The lines to reproduce run from the one containing "for s, insert" through the end of the records below. Reproduce them exactly and add nothing.

[Stored entries]
=== Begin Enclosure ===

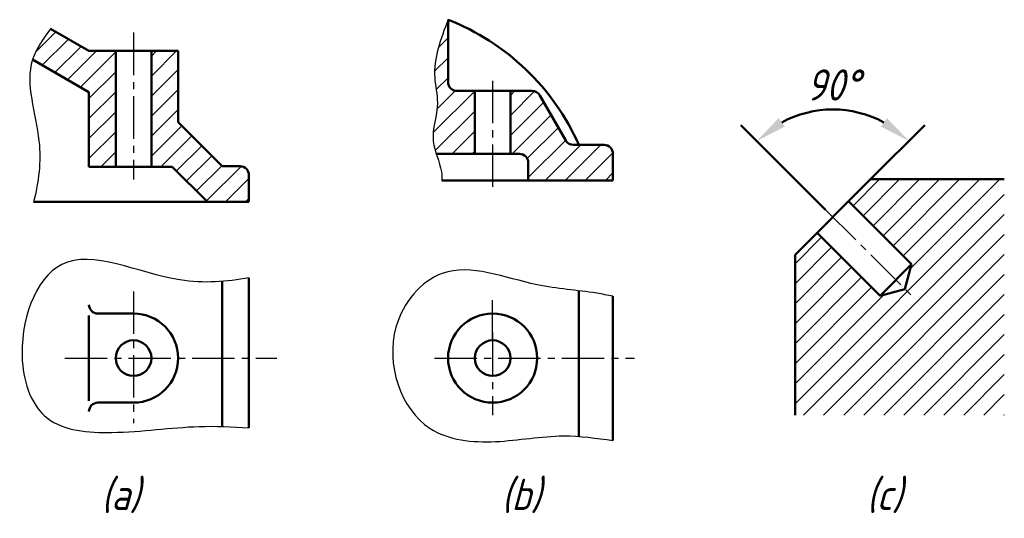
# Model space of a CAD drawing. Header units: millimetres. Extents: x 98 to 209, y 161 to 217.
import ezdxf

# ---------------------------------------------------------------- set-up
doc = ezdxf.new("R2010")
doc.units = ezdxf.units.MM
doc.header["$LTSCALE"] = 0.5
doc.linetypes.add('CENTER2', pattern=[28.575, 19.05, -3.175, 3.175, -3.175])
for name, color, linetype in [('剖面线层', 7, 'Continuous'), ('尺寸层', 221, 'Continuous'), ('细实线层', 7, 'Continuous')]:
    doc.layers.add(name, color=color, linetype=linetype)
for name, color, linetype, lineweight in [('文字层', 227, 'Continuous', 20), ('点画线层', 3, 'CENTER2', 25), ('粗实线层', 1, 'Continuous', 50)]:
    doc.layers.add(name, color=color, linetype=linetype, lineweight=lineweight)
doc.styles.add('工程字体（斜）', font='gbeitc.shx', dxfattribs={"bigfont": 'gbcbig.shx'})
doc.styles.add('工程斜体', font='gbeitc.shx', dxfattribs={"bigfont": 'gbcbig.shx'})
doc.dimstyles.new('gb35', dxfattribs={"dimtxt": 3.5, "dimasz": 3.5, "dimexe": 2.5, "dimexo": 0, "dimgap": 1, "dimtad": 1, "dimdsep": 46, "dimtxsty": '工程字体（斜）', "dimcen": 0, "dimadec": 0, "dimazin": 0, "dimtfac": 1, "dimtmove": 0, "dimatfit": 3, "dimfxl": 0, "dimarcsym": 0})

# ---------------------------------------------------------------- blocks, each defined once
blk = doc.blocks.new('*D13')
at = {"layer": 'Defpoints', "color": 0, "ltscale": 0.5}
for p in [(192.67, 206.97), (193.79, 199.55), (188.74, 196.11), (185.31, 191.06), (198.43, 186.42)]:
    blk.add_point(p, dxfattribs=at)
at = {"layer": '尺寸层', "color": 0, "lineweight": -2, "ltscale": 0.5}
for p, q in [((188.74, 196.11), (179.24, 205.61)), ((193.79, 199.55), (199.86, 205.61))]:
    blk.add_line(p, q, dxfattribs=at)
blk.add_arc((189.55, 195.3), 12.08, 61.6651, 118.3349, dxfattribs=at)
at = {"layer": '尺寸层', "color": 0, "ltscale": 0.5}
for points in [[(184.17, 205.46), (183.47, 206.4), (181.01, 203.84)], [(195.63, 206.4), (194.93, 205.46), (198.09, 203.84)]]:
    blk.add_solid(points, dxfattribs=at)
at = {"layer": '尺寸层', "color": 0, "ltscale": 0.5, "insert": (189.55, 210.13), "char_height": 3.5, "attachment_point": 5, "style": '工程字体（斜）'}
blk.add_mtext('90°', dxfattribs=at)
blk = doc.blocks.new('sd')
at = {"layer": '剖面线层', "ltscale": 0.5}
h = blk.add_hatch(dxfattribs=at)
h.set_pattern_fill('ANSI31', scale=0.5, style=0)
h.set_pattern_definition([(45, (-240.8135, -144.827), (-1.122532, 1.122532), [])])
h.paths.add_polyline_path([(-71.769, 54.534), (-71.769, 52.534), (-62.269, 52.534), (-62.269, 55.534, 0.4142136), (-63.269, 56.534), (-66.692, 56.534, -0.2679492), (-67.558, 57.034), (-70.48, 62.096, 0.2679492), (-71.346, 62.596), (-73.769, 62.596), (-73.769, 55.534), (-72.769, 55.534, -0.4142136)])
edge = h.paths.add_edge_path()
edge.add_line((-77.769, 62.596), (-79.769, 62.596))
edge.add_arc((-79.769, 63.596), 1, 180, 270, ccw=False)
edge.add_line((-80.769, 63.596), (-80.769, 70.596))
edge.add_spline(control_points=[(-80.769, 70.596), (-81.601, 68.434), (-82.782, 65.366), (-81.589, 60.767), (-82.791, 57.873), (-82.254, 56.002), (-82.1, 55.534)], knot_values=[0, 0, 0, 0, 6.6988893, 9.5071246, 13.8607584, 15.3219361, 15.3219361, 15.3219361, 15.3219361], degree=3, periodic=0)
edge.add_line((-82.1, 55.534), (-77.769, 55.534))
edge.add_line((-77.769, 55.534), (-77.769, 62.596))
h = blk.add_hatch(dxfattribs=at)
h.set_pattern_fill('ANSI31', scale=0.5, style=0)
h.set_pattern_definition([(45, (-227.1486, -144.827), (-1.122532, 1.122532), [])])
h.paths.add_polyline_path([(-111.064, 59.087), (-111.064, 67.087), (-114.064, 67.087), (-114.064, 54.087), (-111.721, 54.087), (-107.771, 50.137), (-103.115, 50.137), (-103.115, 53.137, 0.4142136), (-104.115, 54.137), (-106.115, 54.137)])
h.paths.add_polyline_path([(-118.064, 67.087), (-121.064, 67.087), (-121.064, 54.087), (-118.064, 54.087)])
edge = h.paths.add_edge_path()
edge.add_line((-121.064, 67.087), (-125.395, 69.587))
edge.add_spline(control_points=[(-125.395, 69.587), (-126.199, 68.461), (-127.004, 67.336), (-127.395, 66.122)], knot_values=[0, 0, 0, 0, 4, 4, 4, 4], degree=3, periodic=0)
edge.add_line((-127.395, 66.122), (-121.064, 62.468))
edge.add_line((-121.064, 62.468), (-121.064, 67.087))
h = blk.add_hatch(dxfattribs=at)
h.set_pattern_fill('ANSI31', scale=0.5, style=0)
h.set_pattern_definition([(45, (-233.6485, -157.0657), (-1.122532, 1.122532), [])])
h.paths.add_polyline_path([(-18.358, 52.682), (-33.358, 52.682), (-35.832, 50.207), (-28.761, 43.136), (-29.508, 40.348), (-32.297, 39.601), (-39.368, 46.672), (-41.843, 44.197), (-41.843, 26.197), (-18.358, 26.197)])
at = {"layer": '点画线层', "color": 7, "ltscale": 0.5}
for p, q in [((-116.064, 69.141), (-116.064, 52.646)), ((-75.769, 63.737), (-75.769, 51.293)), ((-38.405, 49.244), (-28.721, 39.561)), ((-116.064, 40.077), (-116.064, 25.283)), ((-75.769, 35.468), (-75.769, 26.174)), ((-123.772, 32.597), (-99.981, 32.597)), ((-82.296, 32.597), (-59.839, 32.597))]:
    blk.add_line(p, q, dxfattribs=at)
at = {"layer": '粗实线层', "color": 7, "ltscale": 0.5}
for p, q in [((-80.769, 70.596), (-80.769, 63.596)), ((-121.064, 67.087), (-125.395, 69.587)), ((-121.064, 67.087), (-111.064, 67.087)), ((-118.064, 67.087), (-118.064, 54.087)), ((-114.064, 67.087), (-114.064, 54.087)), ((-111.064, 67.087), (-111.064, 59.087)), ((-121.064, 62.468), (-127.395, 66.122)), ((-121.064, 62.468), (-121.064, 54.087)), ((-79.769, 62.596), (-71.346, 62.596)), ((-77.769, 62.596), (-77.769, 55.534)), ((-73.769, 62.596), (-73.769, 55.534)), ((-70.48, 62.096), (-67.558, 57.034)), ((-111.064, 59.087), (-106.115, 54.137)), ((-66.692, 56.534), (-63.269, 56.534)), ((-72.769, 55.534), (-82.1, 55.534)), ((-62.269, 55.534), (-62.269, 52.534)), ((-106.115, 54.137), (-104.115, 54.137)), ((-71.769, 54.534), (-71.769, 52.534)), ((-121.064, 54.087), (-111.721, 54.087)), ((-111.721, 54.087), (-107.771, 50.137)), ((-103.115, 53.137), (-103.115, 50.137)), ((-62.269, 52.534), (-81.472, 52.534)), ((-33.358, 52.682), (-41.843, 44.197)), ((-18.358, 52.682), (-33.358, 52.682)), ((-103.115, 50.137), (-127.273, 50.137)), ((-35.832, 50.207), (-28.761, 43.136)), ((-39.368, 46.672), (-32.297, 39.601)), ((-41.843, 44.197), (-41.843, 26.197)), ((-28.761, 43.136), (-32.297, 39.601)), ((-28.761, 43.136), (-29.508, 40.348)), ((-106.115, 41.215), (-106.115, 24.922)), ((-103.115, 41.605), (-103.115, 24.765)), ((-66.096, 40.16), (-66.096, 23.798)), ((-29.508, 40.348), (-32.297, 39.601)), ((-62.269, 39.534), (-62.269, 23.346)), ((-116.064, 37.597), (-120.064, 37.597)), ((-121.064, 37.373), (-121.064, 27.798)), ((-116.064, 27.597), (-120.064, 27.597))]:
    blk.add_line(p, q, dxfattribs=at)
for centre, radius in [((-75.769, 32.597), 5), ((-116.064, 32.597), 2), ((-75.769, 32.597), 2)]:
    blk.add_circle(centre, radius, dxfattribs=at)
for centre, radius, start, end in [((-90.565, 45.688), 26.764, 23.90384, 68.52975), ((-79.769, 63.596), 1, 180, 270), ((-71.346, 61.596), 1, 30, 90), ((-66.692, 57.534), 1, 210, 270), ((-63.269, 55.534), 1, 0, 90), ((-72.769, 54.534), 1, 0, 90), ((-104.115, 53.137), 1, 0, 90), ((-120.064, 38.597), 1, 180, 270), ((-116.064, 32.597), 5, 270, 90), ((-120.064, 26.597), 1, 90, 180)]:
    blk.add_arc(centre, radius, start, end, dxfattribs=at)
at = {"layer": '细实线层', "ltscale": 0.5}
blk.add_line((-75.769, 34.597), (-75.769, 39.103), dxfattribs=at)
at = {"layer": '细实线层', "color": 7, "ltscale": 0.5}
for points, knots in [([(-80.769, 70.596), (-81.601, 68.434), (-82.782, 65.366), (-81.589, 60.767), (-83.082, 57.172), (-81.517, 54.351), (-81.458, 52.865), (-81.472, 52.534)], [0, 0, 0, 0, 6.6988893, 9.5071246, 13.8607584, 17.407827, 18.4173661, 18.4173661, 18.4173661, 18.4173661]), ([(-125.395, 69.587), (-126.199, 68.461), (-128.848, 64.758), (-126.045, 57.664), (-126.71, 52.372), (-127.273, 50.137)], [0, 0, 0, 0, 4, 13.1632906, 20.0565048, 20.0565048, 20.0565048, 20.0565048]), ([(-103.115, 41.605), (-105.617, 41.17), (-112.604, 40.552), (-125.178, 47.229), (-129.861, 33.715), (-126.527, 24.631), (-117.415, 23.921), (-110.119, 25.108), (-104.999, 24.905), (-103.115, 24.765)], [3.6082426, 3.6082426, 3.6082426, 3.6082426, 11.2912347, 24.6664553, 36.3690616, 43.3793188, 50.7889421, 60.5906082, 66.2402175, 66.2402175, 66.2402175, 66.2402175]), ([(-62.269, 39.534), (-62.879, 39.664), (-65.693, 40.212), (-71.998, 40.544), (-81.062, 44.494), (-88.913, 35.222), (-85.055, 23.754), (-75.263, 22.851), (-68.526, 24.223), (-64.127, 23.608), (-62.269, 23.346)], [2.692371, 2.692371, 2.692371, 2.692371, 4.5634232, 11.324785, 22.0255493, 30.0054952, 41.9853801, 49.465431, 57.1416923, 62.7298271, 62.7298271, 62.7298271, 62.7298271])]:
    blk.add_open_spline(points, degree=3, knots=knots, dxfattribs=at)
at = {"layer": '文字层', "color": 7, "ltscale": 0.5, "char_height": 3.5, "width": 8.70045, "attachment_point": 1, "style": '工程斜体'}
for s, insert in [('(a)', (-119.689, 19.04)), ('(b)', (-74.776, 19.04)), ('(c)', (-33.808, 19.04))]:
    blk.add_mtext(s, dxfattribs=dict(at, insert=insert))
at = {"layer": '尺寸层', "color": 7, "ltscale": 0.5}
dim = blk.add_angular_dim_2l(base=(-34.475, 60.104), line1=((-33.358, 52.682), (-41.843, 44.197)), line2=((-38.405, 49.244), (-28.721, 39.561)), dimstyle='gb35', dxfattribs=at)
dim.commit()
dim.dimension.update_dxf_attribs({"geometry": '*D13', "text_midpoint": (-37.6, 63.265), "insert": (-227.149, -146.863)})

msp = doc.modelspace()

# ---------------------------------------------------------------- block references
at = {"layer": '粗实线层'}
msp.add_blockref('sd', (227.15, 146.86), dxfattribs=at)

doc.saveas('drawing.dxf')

=== End Enclosure ===

WRITTEN SOLUTION =>
for s, insert in [('(a)', (-119.689, 19.04)), ('(b)', (-74.776, 19.04)), ('(c)', (-33.808, 19.04))]:
    blk.add_mtext(s, dxfattribs=dict(at, insert=insert))
at = {"layer": '尺寸层', "color": 7, "ltscale": 0.5}
dim = blk.add_angular_dim_2l(base=(-34.475, 60.104), line1=((-33.358, 52.682), (-41.843, 44.197)), line2=((-38.405, 49.244), (-28.721, 39.561)), dimstyle='gb35', dxfattribs=at)
dim.commit()
dim.dimension.update_dxf_attribs({"geometry": '*D13', "text_midpoint": (-37.6, 63.265), "insert": (-227.149, -146.863)})

msp = doc.modelspace()

# ---------------------------------------------------------------- block references
at = {"layer": '粗实线层'}
msp.add_blockref('sd', (227.15, 146.86), dxfattribs=at)

doc.saveas('drawing.dxf')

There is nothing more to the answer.